Records drawn from a dataset:
====

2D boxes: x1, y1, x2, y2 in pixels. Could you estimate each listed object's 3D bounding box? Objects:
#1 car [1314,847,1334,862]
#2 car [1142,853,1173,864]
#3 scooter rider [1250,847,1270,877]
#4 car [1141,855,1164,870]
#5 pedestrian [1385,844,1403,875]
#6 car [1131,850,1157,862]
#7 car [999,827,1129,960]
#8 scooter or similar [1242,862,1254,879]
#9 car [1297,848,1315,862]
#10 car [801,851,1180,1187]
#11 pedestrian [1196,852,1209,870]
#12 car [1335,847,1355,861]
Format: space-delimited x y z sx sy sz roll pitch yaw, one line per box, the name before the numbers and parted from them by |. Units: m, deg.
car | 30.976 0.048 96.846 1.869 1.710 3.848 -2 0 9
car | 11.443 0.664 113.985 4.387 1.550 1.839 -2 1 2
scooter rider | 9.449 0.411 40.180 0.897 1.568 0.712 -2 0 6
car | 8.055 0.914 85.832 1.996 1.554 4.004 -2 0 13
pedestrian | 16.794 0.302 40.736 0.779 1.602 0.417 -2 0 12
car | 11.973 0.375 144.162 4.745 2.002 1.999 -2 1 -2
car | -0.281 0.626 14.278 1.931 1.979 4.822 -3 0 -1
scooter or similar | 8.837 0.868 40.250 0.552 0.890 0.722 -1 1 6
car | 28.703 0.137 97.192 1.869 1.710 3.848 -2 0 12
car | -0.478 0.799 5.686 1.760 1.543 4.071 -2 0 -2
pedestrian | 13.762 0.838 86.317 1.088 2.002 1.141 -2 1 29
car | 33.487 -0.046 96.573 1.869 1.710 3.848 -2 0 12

====

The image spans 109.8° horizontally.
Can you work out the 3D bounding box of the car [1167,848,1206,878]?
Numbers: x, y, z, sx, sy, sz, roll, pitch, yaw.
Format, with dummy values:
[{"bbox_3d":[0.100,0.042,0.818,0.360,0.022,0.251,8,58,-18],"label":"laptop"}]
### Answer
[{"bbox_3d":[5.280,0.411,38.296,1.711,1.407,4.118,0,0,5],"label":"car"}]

====

## What you will do:
Wherever the string "bounding" occurs in the entries, copy that whole line.

## Solution to this exercise:
2D boxes: x1, y1, x2, y2 in pixels. Could you estimate each listed object's 3D bounding box? Objects:
Can you work out the 3D bounding box of the car [1167,848,1206,878]?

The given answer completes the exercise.